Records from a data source
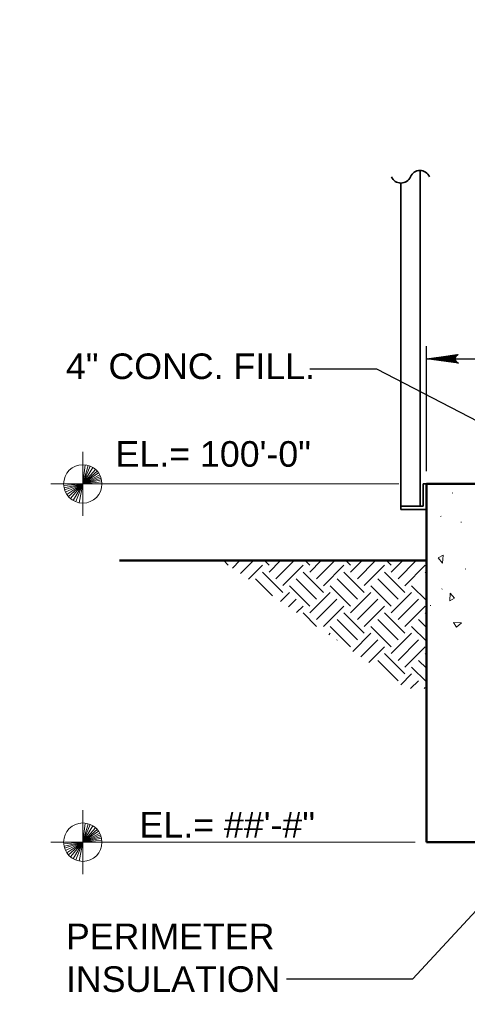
# Model space of a CAD drawing. Extents: x -312 to 328, y -156 to 292.
# Tile 22 of 89: x -179 to -144, y 56 to 133. Entities that reach past the tile are written whole.
import ezdxf

# ---------------------------------------------------------------- set-up
doc = ezdxf.new("R2010")
doc.units = 0
doc.header["$MEASUREMENT"] = 0
for name, color, linetype, lineweight in [('Level 1', 253, 'Continuous', 18), ('S-Anno-Brkl', 2, 'Continuous', 35), ('S-Anno-Dims', 33, 'Continuous', 35), ('S-Anno-Keyn', 133, 'Continuous', 18), ('S-Anno-Patt', 152, 'Continuous', 18), ('S-Anno-Patt-Capy', 1, 'Continuous', 18), ('S-Anno-Text', 53, 'Continuous', 25), ('S-Sect-Conc', 6, 'Continuous', 50), ('S-Sect-Fngr', 2, 'Continuous', 50), ('S-Sect-Shps', 3, 'Continuous', 35)]:
    doc.layers.add(name, color=color, linetype=linetype, lineweight=lineweight)
doc.styles.add('NOTES', font='romans.shx')

# ---------------------------------------------------------------- blocks, each defined once
blk = doc.blocks.new('LARROW')
at = {"color": 0, "linetype": 'ByBlock', "lineweight": -2, "flags": 128}
blk.add_lwpolyline([(-4.93, 0.71), (0, 0), (-4.92, -0.71), (-4.77, -0.59), (-4.55, -0.38), (-4.44, -0.19), (-4.42, 0), (-4.46, 0.21), (-4.57, 0.41), (-4.79, 0.61), (-4.93, 0.71), (-0.15, 0.01), (-4.76, -0.67), (-4.62, -0.56), (-4.39, -0.34), (-4.32, -0.06), (-4.37, 0.22), (-4.5, 0.41), (-4.67, 0.57), (-4.78, 0.65), (-0.41, 0.01), (-4.56, -0.59), (-4.41, -0.49), (-4.33, -0.37), (-4.25, -0.21), (-4.21, 0.01), (-4.23, 0.19), (-4.32, 0.33), (-4.5, 0.44), (-4.61, 0.58), (-0.71, 0.01), (-4.33, -0.5), (-4.17, -0.3), (-4.12, -0.06), (-4.14, 0.22), (-4.45, 0.51), (-1.05, 0.02), (-4.12, -0.41), (-4.07, -0.26), (-3.98, -0.04), (-4.04, 0.21), (-4.28, 0.43), (-1.36, 0.02), (-4.01, -0.31), (-3.92, -0.14), (-3.88, 0.04), (-4.07, 0.33), (-1.73, 0.02), (-3.85, -0.24), (-3.79, -0.11), (-3.77, 0.04), (-3.92, 0.25), (-2.17, 0.02), (-3.71, -0.15), (-3.67, 0.05), (-3.81, 0.17), (-2.53, 0.02), (-3.61, -0.09), (-3.63, 0.1), (-2.9, 0.02), (-3.57, -0.03), (-3.59, 0.03), (-3.36, 0.03)], dxfattribs=at)

msp = doc.modelspace()

# ---------------------------------------------------------------- linework, layer by layer
at = {"layer": 'Level 1', "color": 214, "linetype": 'Continuous', "lineweight": 25}
msp.add_3dface([(-311.9741, -156.26001), (328.0259, -156.26001), (328.0259, 291.73999), (-311.9741, 291.73999)], dxfattribs=at)
msp.add_3dface([(-311.9741, -156.26001), (328.0259, -156.26001), (328.0259, 291.73999), (-311.9741, 291.73999)], dxfattribs=at)
msp.add_3dface([(-311.9741, -156.26001), (328.0259, -156.26001), (328.0259, 291.73999), (-311.9741, 291.73999)], dxfattribs=at)
at = {"layer": 'S-Anno-Brkl'}
for centre, start, end in [((-147.37572, 120.06862), 23.406375, 156.5936278), ((-148.86172, 120.71187), 203.406375, 336.5936278)]:
    msp.add_arc(centre, 0.80962, start, end, dxfattribs=at)
at = {"layer": 'S-Anno-Dims', "lineweight": 25}
for p, q in [((-146.86872, 97.39187), (-146.86872, 107.16337)), ((-146.86872, 106.16537), (-138.86872, 106.16537))]:
    msp.add_line(p, q, dxfattribs=at)
at = {"layer": 'S-Anno-Keyn'}
for p, q in [((-173.7286, 97.89387), (-173.7286, 98.89287)), ((-173.7286, 96.39387), (-173.7286, 97.89387)), ((-173.7286, 96.39387), (-173.5366, 97.88037)), ((-173.7286, 96.39387), (-173.3071, 97.83237)), ((-173.7286, 96.39387), (-173.1421, 97.77387)), ((-173.7286, 96.39387), (-172.9381, 97.66737)), ((-173.7286, 96.39387), (-172.7431, 97.52337)), ((-173.7286, 96.39387), (-172.6066, 97.38837)), ((-173.7286, 96.39387), (-172.5016, 97.25487)), ((-173.7286, 96.39387), (-172.4101, 97.10637)), ((-173.7286, 96.39387), (-172.3471, 96.97587)), ((-175.2286, 96.39387), (-176.2276, 96.39387)), ((-175.2286, 96.39387), (-173.7286, 96.39387)), ((-173.7286, 96.39387), (-175.2226, 96.27537)), ((-173.7286, 96.39387), (-175.1971, 96.08787)), ((-173.7286, 96.39387), (-175.1506, 95.91687)), ((-173.7286, 96.39387), (-175.0846, 95.75487)), ((-173.7286, 96.39387), (-174.9796, 95.57037)), ((-173.7286, 96.39387), (-174.8521, 95.40087)), ((-173.7286, 96.39387), (-174.6946, 95.24937)), ((-173.7286, 96.39387), (-174.4831, 95.09787)), ((-173.7286, 96.39387), (-174.2806, 95.02437)), ((-173.7286, 96.39387), (-174.0016, 94.92087)), ((-173.7286, 96.39387), (-172.2961, 96.83487)), ((-173.7286, 96.39387), (-172.2631, 96.70887)), ((-173.7286, 96.39387), (-172.2391, 96.56187)), ((-173.7286, 96.39387), (-172.2301, 96.39387)), ((-173.7286, 94.89537), (-173.7286, 96.39387)), ((-171.2296, 96.39387), (-172.2301, 96.39387)), ((-149.02522, 96.39387), (-171.2296, 96.39387)), ((-173.7286, 93.89487), (-173.7286, 94.89537)), ((-173.7286, 69.89587), (-173.7286, 70.89487)), ((-173.7286, 68.39587), (-173.7286, 69.89587)), ((-173.7286, 68.39587), (-173.5366, 69.88237)), ((-173.7286, 68.39587), (-173.3071, 69.83437)), ((-173.7286, 68.39587), (-173.1421, 69.77587)), ((-173.7286, 68.39587), (-172.9381, 69.66937)), ((-173.7286, 68.39587), (-172.7431, 69.52537)), ((-173.7286, 68.39587), (-172.6066, 69.39037)), ((-173.7286, 68.39587), (-172.5016, 69.25687)), ((-173.7286, 68.39587), (-172.4101, 69.10837)), ((-173.7286, 68.39587), (-172.3471, 68.97787)), ((-173.7286, 68.39587), (-172.2961, 68.83687)), ((-173.7286, 68.39587), (-172.2631, 68.71087)), ((-173.7286, 68.39587), (-172.2391, 68.56387)), ((-175.2286, 68.39587), (-176.2276, 68.39587)), ((-175.2286, 68.39587), (-173.7286, 68.39587)), ((-173.7286, 68.39587), (-175.2226, 68.27737)), ((-173.7286, 68.39587), (-175.1971, 68.08987)), ((-173.7286, 68.39587), (-175.1506, 67.91887)), ((-173.7286, 68.39587), (-175.0846, 67.75687)), ((-173.7286, 68.39587), (-174.9796, 67.57237)), ((-173.7286, 68.39587), (-174.8521, 67.40287)), ((-173.7286, 68.39587), (-174.6946, 67.25137)), ((-173.7286, 68.39587), (-174.4831, 67.09987)), ((-173.7286, 68.39587), (-174.2806, 67.02637)), ((-173.7286, 68.39587), (-174.0016, 66.92287)), ((-173.7286, 68.39587), (-172.2301, 68.39587)), ((-173.7286, 66.89737), (-173.7286, 68.39587)), ((-171.2296, 68.39587), (-172.2301, 68.39587)), ((-147.74372, 68.39587), (-171.2296, 68.39587)), ((-173.7286, 65.89687), (-173.7286, 66.89737))]:
    msp.add_line(p, q, dxfattribs=at)
for centre in [(-173.7291, 96.39454), (-173.7291, 68.39654)]:
    msp.add_circle(centre, 1.5, dxfattribs=at)
at = {"layer": 'S-Anno-Patt'}
for p, q in [((-144.8116, 95.69412), (-144.8591, 95.68062)), ((-145.7251, 93.86487), (-145.7726, 93.85137)), ((-144.12635, 93.40762), (-144.17385, 93.39412)), ((-143.78385, 89.74924), (-143.83135, 89.73574)), ((-145.62647, 88.18099), (-145.67397, 88.16749)), ((-146.5246, 86.89112), (-146.5721, 86.87762))]:
    msp.add_line(p, q, dxfattribs=at)
for points in [[(-145.59997, 90.20899), (-145.94035, 90.60837), (-145.56047, 90.82212)], [(-145.00522, 87.86137), (-144.66485, 87.46199), (-145.04472, 87.24824)], [(-144.12872, 85.52887), (-144.5281, 85.18849), (-144.74185, 85.56837)]]:
    msp.add_3dface(points, dxfattribs=at)
at = {"layer": 'S-Anno-Patt-Capy'}
for p, q in [((-162.35972, 90.04324), (-162.71235, 90.39587)), ((-162.03147, 89.81587), (-161.45147, 90.39587)), ((-161.40497, 89.38187), (-160.39085, 90.39587)), ((-160.77835, 88.94774), (-159.69447, 90.03162)), ((-159.1641, 90.03162), (-159.52835, 90.39587)), ((-159.1641, 89.50137), (-158.2696, 90.39587)), ((-158.63372, 88.97099), (-157.20885, 90.39587)), ((-158.10347, 88.44074), (-156.51247, 90.03162)), ((-155.9811, 90.03062), (-156.34635, 90.39587)), ((-155.9811, 89.50024), (-155.08547, 90.39587)), ((-155.45072, 88.96999), (-154.02485, 90.39587)), ((-154.92035, 88.43962), (-153.32835, 90.03162)), ((-152.79797, 90.03162), (-153.16222, 90.39587)), ((-152.79797, 89.50137), (-151.90347, 90.39587)), ((-152.26772, 88.97099), (-150.84285, 90.39587)), ((-151.73735, 88.44074), (-150.14635, 90.03162)), ((-149.61497, 90.03062), (-149.98022, 90.39587)), ((-149.61497, 89.50024), (-148.71947, 90.39587)), ((-149.0846, 88.96999), (-147.65872, 90.39587)), ((-148.55435, 88.43962), (-146.96222, 90.03162)), ((-158.10235, 87.90924), (-159.69447, 89.50137)), ((-154.92035, 87.90924), (-156.51135, 89.50024)), ((-151.73635, 87.90924), (-153.32835, 89.50137)), ((-148.55435, 87.90924), (-150.14535, 89.50024)), ((-146.86872, 89.40787), (-146.96222, 89.50137)), ((-158.90085, 87.64712), (-160.22472, 88.97099)), ((-155.45072, 87.37899), (-157.04172, 88.96999)), ((-152.2666, 87.37899), (-153.85872, 88.97099)), ((-149.0846, 87.37899), (-150.6756, 88.96999)), ((-158.27072, 87.21062), (-157.5721, 87.90924)), ((-155.9811, 86.84862), (-157.5721, 88.43962)), ((-155.9811, 86.31824), (-154.3901, 87.90924)), ((-152.79797, 86.84762), (-154.3901, 88.43962)), ((-152.79797, 86.31724), (-151.20597, 87.90924)), ((-149.61497, 86.84862), (-151.20597, 88.43962)), ((-149.61497, 86.31824), (-148.02397, 87.90924)), ((-146.86872, 87.28437), (-148.02397, 88.43962)), ((-157.6441, 86.77649), (-157.04172, 87.37899)), ((-155.45072, 85.78799), (-153.85972, 87.37899)), ((-152.26772, 85.78687), (-150.6756, 87.37899)), ((-149.0846, 85.78799), (-147.4936, 87.37899)), ((-157.0176, 86.34249), (-156.51135, 86.84862)), ((-155.44885, 85.25574), (-156.51135, 86.31824)), ((-154.92035, 85.25762), (-153.32935, 86.84862)), ((-151.73735, 84.72624), (-153.32835, 86.31724)), ((-151.73735, 85.25662), (-150.14535, 86.84862)), ((-148.55322, 84.72624), (-150.14535, 86.31824)), ((-148.55435, 85.25762), (-146.96335, 86.84862)), ((-146.86872, 86.22374), (-146.96222, 86.31724)), ((-152.26772, 84.19587), (-153.85872, 85.78687)), ((-149.0836, 84.19587), (-150.6756, 85.78799)), ((-146.86872, 85.16299), (-147.4926, 85.78687)), ((-154.50997, 84.60537), (-154.38897, 84.72624)), ((-152.79797, 83.66562), (-154.38897, 85.25662)), ((-152.6301, 83.30312), (-151.20697, 84.72624)), ((-149.61497, 83.66449), (-151.20697, 85.25662)), ((-149.61497, 83.13424), (-148.02297, 84.72624)), ((-146.86872, 84.10237), (-148.02297, 85.25662)), ((-153.88335, 84.17124), (-153.85872, 84.19587)), ((-152.0036, 82.86912), (-150.67672, 84.19587)), ((-149.0846, 82.60387), (-147.4926, 84.19587)), ((-151.37697, 82.43499), (-150.14635, 83.66562)), ((-148.55435, 81.54324), (-150.14535, 83.13424)), ((-148.55435, 82.07349), (-146.96222, 83.66562)), ((-146.86872, 83.04174), (-146.96222, 83.13524)), ((-149.0846, 81.01287), (-150.6756, 82.60387)), ((-146.86872, 81.98112), (-147.4926, 82.60499)), ((-146.86872, 80.91824), (-148.02397, 82.07349)), ((-148.86935, 80.69787), (-148.02397, 81.54324)), ((-148.1106, 80.39587), (-147.4936, 81.01287)), ((-147.04997, 80.39587), (-146.96335, 80.48249))]:
    msp.add_line(p, q, dxfattribs=at)
at = {"layer": 'S-Anno-Text', "flags": 128}
for points in [[(-155.97935, 105.38787), (-150.76122, 105.38787), (-133.41072, 96.39387)], [(-157.81685, 57.71962), (-147.92035, 57.71962), (-138.02385, 68.39587)]]:
    msp.add_lwpolyline(points, dxfattribs=at)
at = {"layer": 'S-Sect-Conc'}
for p, q in [((-146.86872, 96.39387), (-139.24572, 96.39387)), ((-146.86872, 68.39387), (-146.86872, 96.39387)), ((-138.86872, 68.39387), (-146.86872, 68.39587))]:
    msp.add_line(p, q, dxfattribs=at)
at = {"layer": 'S-Sect-Fngr'}
msp.add_line((-146.86872, 90.39587), (-170.86872, 90.39587), dxfattribs=at)
at = {"layer": 'S-Sect-Shps'}
for p, q in [((-147.36872, 120.87824), (-147.36872, 94.64387)), ((-148.86872, 119.90224), (-148.86872, 94.64387)), ((-147.11872, 96.39387), (-147.11872, 94.64387)), ((-146.86872, 96.39387), (-147.11872, 96.39387)), ((-147.11872, 94.64387), (-148.86872, 94.64387)), ((-148.86872, 94.39387), (-148.86872, 94.64387)), ((-146.86872, 94.39387), (-148.86872, 94.39387))]:
    msp.add_line(p, q, dxfattribs=at)

# ---------------------------------------------------------------- block references
at = {"layer": 'S-Anno-Dims', "lineweight": 25, "xscale": 0.5065787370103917, "yscale": 0.4901954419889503, "zscale": 0.03175, "rotation": 180}
msp.add_blockref('LARROW', (-146.86872, 106.16537), dxfattribs=at)

# ---------------------------------------------------------------- texts
at = {"layer": 'S-Anno-Text', "char_height": 2, "attachment_point": 1, "style": 'NOTES'}
for s, insert, line_spacing_factor in [('\\fArial|b0|i0|c0|p39;4" CONC. FILL.', (-175.0476, 106.58605), 0.740469), ('\\fArial|b0|i0|c0|p39;EL.= 100\'-0"', (-171.16997, 99.73452), 0.73751), ('\\fArial|b0|i0|c0|p39;EL.= ##\'-#"', (-169.29547, 70.75831), 0.740469)]:
    msp.add_mtext(s, dxfattribs=dict(at, insert=insert, line_spacing_factor=line_spacing_factor))
at = {"layer": 'S-Anno-Text', "insert": (-175.0476, 62.02948), "char_height": 2, "attachment_point": 1, "style": 'NOTES'}
msp.add_mtext('\\fArial|b0|i0|c0|p39;PERIMETER \\PINSULATION', dxfattribs=at)

doc.saveas('drawing.dxf')

* _YOUR INSTRUCTIONS_: Check every line of the data and give the number of them that hold the string "centre", with no other words.

* _WRITTEN RESPONSE_: 4